確かに音を遮断したのは魔法だが、彼女は魔法使いなどというシロモノではない。
もっと根本的に違う存在だ。
「ありがとねー、サキ。さーて、んじゃさっそくヤろうじゃないムメイ」
自分の背後、扉側にいるバスが自分を名前で呼んでくる。
人目がある所だと彼女も“ナナシノくん”と苗字で呼ぶのだが、3人だけになると名前で呼ぶのだ。

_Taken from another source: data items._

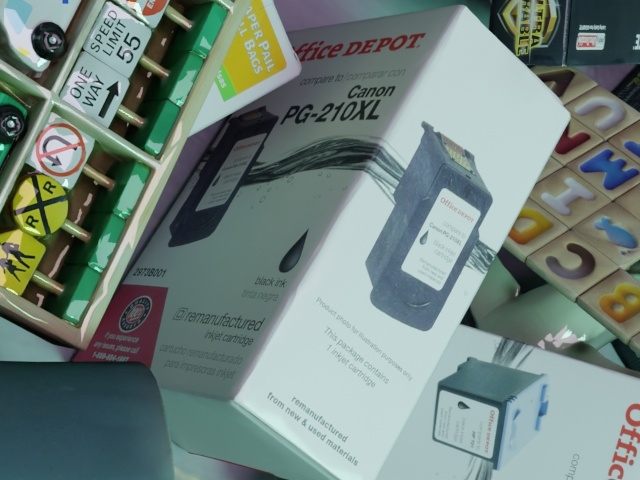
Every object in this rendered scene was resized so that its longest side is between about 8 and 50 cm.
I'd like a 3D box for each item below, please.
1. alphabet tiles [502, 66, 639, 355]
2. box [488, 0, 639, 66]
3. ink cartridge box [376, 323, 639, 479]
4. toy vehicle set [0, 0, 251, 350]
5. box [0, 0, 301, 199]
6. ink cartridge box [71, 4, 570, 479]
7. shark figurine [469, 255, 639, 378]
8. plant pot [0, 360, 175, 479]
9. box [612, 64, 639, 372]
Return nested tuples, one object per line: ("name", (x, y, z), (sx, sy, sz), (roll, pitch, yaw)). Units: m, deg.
("alphabet tiles", (0.191, -0.030, 0.928), (0.198, 0.237, 0.009), (-30, 146, -31))
("box", (0.169, -0.194, 0.926), (0.220, 0.051, 0.175), (-12, 108, -61))
("ink cartridge box", (0.091, 0.126, 0.867), (0.082, 0.191, 0.139), (58, 49, -73))
("toy vehicle set", (-0.120, -0.107, 0.671), (0.166, 0.035, 0.266), (32, 73, -31))
("box", (-0.129, -0.089, 0.752), (0.203, 0.103, 0.114), (-32, 109, -30))
("ink cartridge box", (0.000, 0.000, 0.805), (0.100, 0.172, 0.237), (41, 69, -29))
("shark figurine", (0.195, 0.060, 0.974), (0.116, 0.278, 0.166), (58, 19, -64))
("plant pot", (-0.205, 0.181, 0.610), (0.235, 0.293, 0.293), (8, 87, -16))
("box", (0.267, -0.036, 1.063), (0.232, 0.059, 0.183), (-46, 116, -25))

そういうのは(3人だけど)2人だけの秘密の関係みたいでなんかムズムズする。
いや、実際他人には秘密なんだけどさ。
「じゃあ……脱ぐわね、ナナシノくん」
窓側にいるサキがスカートに手をかける。
パチッと音がして留め金が外れ、スルリと床に落ちた。
丸見えになった彼女の下着は白。
次に手をかけたのはブレザーのボタン。
1個、2個とボタンを外した後、袖から腕を抜く。
その下に着ているのは学校指定の白いYシャツ。
かなり大きい胸が合成繊維の布を下から持ち上げている。
そしてプチプチプチと上からシャツのボタンを外していくサキ。
前がはだけ、薄青のブラが目に入る。
ボタンを外し終えシャツも脱ぎ、下着姿になったところでサキは一旦動きを止めた。
そしてんーっ…と伸びをする。
するとバサリッと腰の後ろから黒い翼が伸び、同じ色の尾が下着の穴からにょろりと飛び出す。
こめかみからも硬そうな角が2本セットで伸びてきた。
人外の本性を露わにしたところで、サキはふぅ…と息をつく。
「やっぱり、化けてると翼が窮屈よね……」
一対ずつある角と翼、さらに尻から伸びた尻尾。
彼女たちは魔物…それもサキュバスと呼ばれる類の存在だ。
二人と初めて出会ったとき(ラブレターで呼び出されて襲われた)はそりゃあ驚いたが、
あいにくと自分は小さい頃から無数のフィクションに囲まれて育った現代日本人。